В новой атаке злоумышленники использовали две цепочки взлома, объединённые одним сервером управления:

1. Эксплуатация уязвимости CVE-2023-38831 в WinRAR для запуска вредоносной программы AllaKore RAT.
2. Рассылка фишинговых писем с архивным вложением, содержащим вредоносный файл внутри. После запуска зловредного ярлыка Windows с расширением LNK на переднем плане открывается PDF-файл, имитирующий законный документ, связанный с деятельностью индийской организации AIANGO. В то же время в фоновом режиме происходит скачивание и запуск трояна DRAT.

Анализ содержимого файлов-приманок показал, что атака вновь направлена на индийские военные и оборонные структуры. Эксперты отмечают, что использование уязвимости WinRAR свидетельствует об обновлении арсенала инструментов Sidecopy. Недостаток уже активно эксплуатируют различные киберпреступные группы, например, в атаке на организации с геополитической значимостью , включая оборонные предприятия, научно-исследовательские учреждения и финансовые компании.

Детальный анализ вредоносных программ, использованных в атаке, показал следующее:

• Allakore RAT, запущенный через уязвимость WinRAR, представляет собой типичный троян удалённого доступа, способный собирать различную информацию о заражённой системе, загружать и выгружать файлы.
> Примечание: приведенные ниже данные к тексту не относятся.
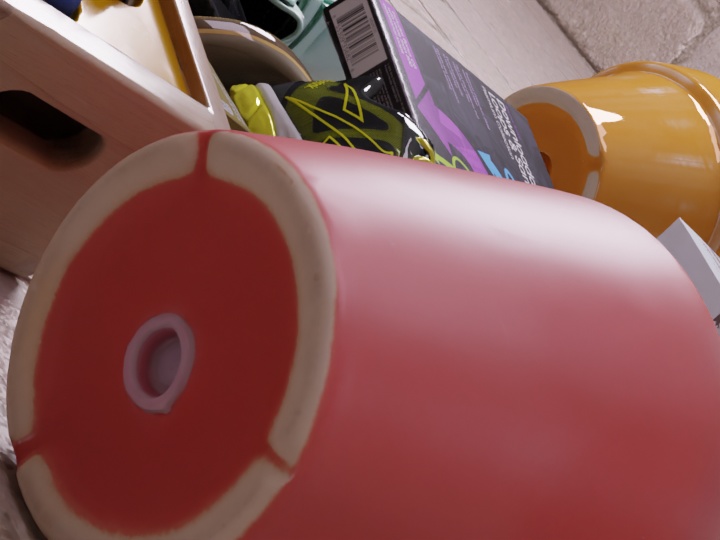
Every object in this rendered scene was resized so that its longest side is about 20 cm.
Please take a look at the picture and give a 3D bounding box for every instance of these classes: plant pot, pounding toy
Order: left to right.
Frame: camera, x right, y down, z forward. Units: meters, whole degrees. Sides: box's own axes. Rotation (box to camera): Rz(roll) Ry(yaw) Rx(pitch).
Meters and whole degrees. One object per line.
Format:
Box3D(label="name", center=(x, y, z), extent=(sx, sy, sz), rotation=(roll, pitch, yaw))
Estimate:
Box3D(label="pounding toy", center=(-0.120, -0.121, 0.910), extent=(0.200, 0.142, 0.185), rotation=(31, 35, -56))
Box3D(label="plant pot", center=(-0.006, 0.046, 0.820), extent=(0.177, 0.201, 0.201), rotation=(20, 28, -47))
Box3D(label="plant pot", center=(0.186, -0.069, 1.919), extent=(0.183, 0.200, 0.201), rotation=(8, 39, -50))

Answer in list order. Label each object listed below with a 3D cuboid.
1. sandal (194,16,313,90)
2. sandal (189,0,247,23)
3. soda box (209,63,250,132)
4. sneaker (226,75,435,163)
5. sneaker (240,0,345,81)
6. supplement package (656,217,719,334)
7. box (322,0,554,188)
Box3D(label="sandal", center=(-0.055, -0.071, 1.297), extent=(0.200, 0.080, 0.054), rotation=(38, 43, -44))
Box3D(label="sandal", center=(-0.087, -0.125, 1.311), extent=(0.201, 0.075, 0.048), rotation=(48, 37, -48))
Box3D(label="soda box", center=(-0.125, -0.114, 1.151), extent=(0.064, 0.068, 0.200), rotation=(35, 17, -46))
Box3D(label="sneaker", center=(0.002, -0.032, 1.101), extent=(0.200, 0.084, 0.075), rotation=(-120, -163, -47))
Box3D(label="sneaker", center=(-0.048, -0.145, 1.524), extent=(0.200, 0.074, 0.118), rotation=(27, 15, -37))
Box3D(label="supplement package", center=(0.212, 0.109, 1.472), extent=(0.200, 0.152, 0.151), rotation=(44, 12, -21))
Box3D(label="box", center=(0.059, -0.059, 1.403), extent=(0.200, 0.036, 0.144), rotation=(34, 32, -55))

Он подключался к командному C2-серверу злоумышленников по адресу 38[.]242[.]149[.]89.
• DRAT, распространяемый через LNK-файлы, написан на платформе .NET и также обладает широкими возможностями по управлению заражённой системой. Его трафик надёжно шифруется и маскируется.

Обе программы маскировали свои командные серверы и использовали различные методы обфускации кода. Hunting Shadow Lab уже интегрировала в свои продукты правила обнаружения использованных в атаке вредоносных программ и инфраструктуры злоумышленников, а также поделилась индикаторами компрометации (IoC).

Кибератака Sidecopy демонстрирует необходимость комплексной защиты от угроз. Технические специалисты организаций должны обеспечить своевременное обновление уязвимого ПО до последних версий (в случае с WinRAR — до версии 6.23), грамотную настройку средств безопасности и регулярную проверку подконтрольных систем на вирусы. Пользователи также должны проявлять бдительность и не запускать подозрительные файлы из неизвестных источников.